We found that MC4R-deficient patients have a lower prevalence of hypertension and lower systolic and diastolic blood pressures compared with equally obese volunteers.²² We hypothesised that the lower blood pressures seen in MC4R-deficient humans may be explained by altered activation of the sympathetic nervous system. Information about central autonomic regulation can be inferred from the response of end organs such as the heart by the measurement of heart rate variability, which is a widely accepted non-invasive tool that has been validated against more direct pharmacological measurements of sympathetic and parasympathetic activation.

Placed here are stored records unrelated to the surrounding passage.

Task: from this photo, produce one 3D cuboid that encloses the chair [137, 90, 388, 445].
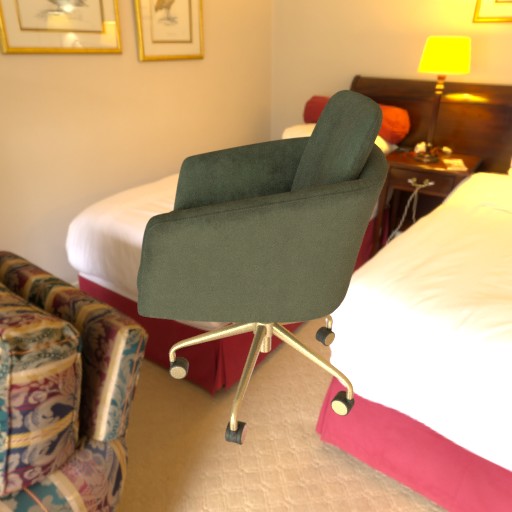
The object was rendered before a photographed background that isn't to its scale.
[{"bbox_3d":[0.000,0.000,1.330,0.635,0.908,0.641,0,26,-1],"label":"chair"}]
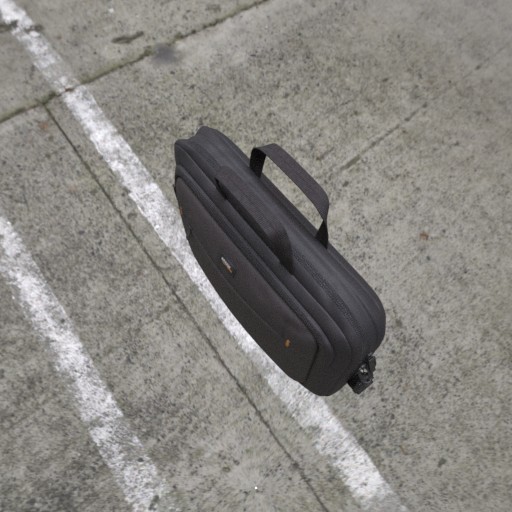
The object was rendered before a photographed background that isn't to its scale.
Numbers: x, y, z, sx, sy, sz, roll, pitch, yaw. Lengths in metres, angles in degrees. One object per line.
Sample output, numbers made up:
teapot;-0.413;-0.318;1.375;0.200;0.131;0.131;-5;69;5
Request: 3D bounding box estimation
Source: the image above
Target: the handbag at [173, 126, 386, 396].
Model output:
handbag;0.000;0.000;0.442;0.089;0.244;0.320;-34;67;-16
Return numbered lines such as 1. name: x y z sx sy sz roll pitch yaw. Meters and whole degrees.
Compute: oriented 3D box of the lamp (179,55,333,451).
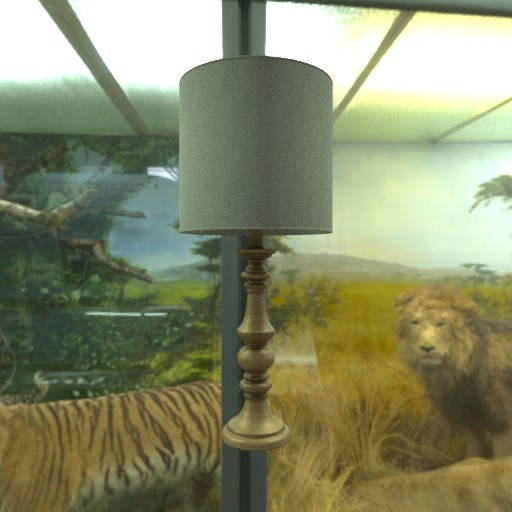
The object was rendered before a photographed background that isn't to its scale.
1. lamp: 0.000 0.000 0.734 0.250 0.597 0.250 -1 1 -36
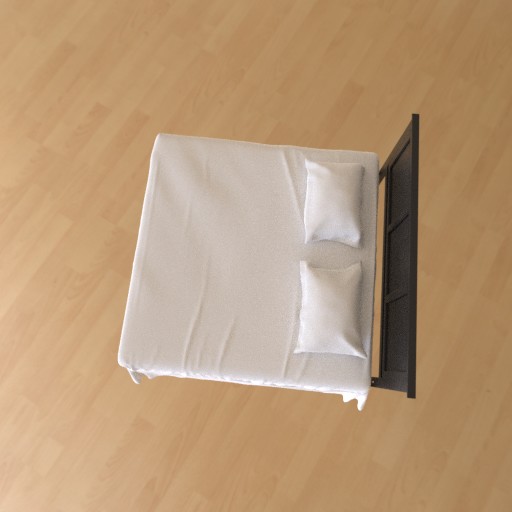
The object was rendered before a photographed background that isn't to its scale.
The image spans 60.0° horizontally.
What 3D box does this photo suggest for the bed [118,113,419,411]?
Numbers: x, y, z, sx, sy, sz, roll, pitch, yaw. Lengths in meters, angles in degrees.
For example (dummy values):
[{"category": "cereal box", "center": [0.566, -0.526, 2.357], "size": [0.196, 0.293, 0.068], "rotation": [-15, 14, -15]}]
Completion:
[{"category": "bed", "center": [0.000, 0.000, 3.637], "size": [2.219, 1.271, 2.315], "rotation": [6, 76, 1]}]
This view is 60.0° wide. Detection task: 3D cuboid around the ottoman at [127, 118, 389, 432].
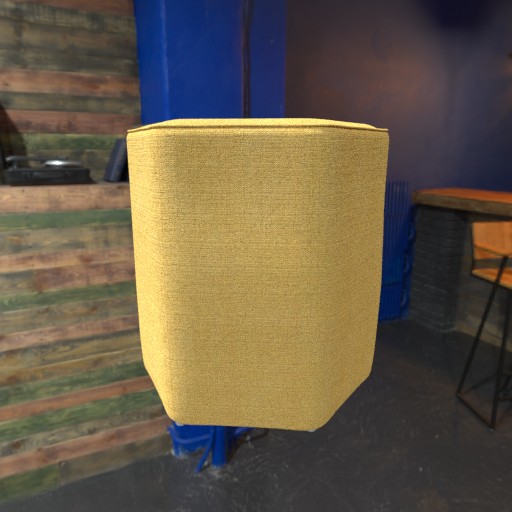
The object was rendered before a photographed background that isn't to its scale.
[{"bbox_3d":[0.000,0.000,0.882,0.443,0.502,0.494,-6,15,-24],"label":"ottoman"}]
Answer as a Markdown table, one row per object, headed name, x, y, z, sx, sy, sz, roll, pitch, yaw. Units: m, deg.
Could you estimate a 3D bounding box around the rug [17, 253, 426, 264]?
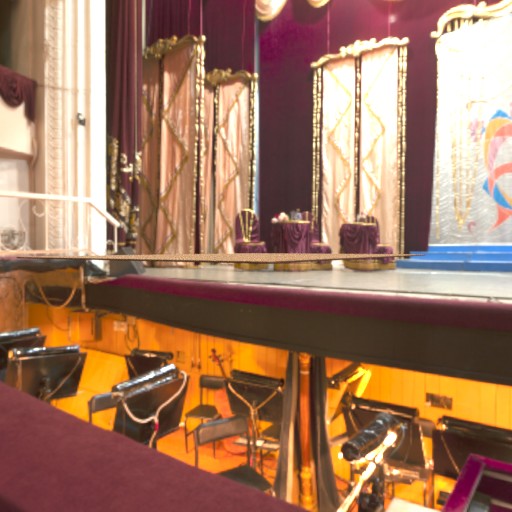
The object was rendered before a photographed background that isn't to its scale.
| name | x | y | z | sx | sy | sz | roll | pitch | yaw |
| --- | --- | --- | --- | --- | --- | --- | --- | --- | --- |
| rug | 0.000 | 0.000 | 2.857 | 1.593 | 0.008 | 2.238 | 1 | 1 | 34 |
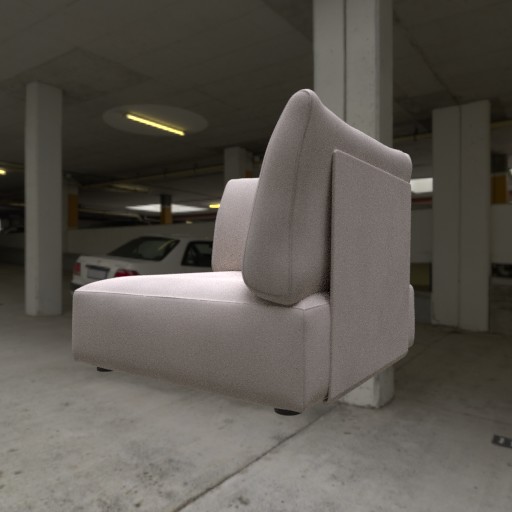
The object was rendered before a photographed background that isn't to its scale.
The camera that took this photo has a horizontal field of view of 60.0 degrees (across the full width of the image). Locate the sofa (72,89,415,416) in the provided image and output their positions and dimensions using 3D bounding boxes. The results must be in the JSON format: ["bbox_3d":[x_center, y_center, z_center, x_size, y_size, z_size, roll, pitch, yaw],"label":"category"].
[{"bbox_3d":[0.000,0.000,1.724,1.000,0.820,1.000,0,0,35],"label":"sofa"}]
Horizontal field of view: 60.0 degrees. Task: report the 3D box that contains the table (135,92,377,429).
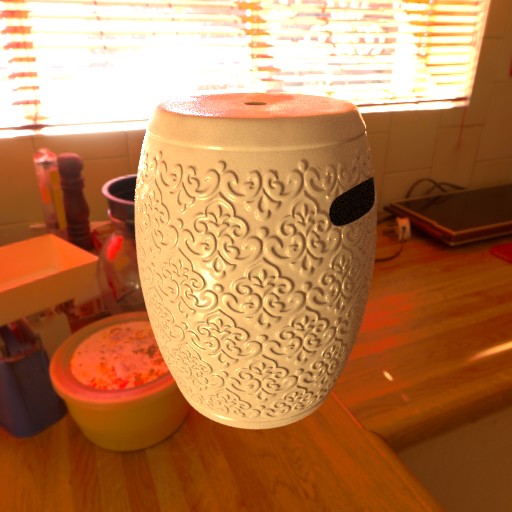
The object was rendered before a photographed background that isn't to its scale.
[{"bbox_3d":[0.000,0.000,0.600,0.309,0.397,0.309,0,26,0],"label":"table"}]
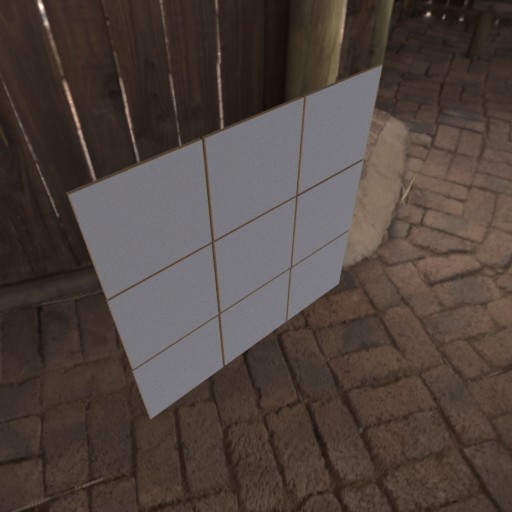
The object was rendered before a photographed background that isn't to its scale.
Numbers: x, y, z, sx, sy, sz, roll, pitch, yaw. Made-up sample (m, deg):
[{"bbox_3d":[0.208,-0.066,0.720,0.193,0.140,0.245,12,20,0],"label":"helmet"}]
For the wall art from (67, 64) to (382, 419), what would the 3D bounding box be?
[{"bbox_3d":[0.000,0.000,2.243,1.527,1.521,0.017,-31,53,-27],"label":"wall art"}]

We found that sleeping heart rate (mediated predominantly by parasympathetic activation) was similar in MC4R-deficient subjects and controls. The increase in heart rate on waking (driven predominantly by sympathetic nervous system activation) was reduced in MC4R-deficient subjects. We found that urinary excretion of noradrenaline was markedly reduced in MC4R deficiency, which would be consistent with a predominant effect of central MC4Rs on impaired release of noradrenaline from nerve terminals rather than on catecholamines released from the adrenal medulla. These findings established the importance of MC4R-mediated signalling in the regulation of blood pressure and suggested that melanocortinergic circuits play a key role in mediating the link between changes in weight and changes in blood pressure.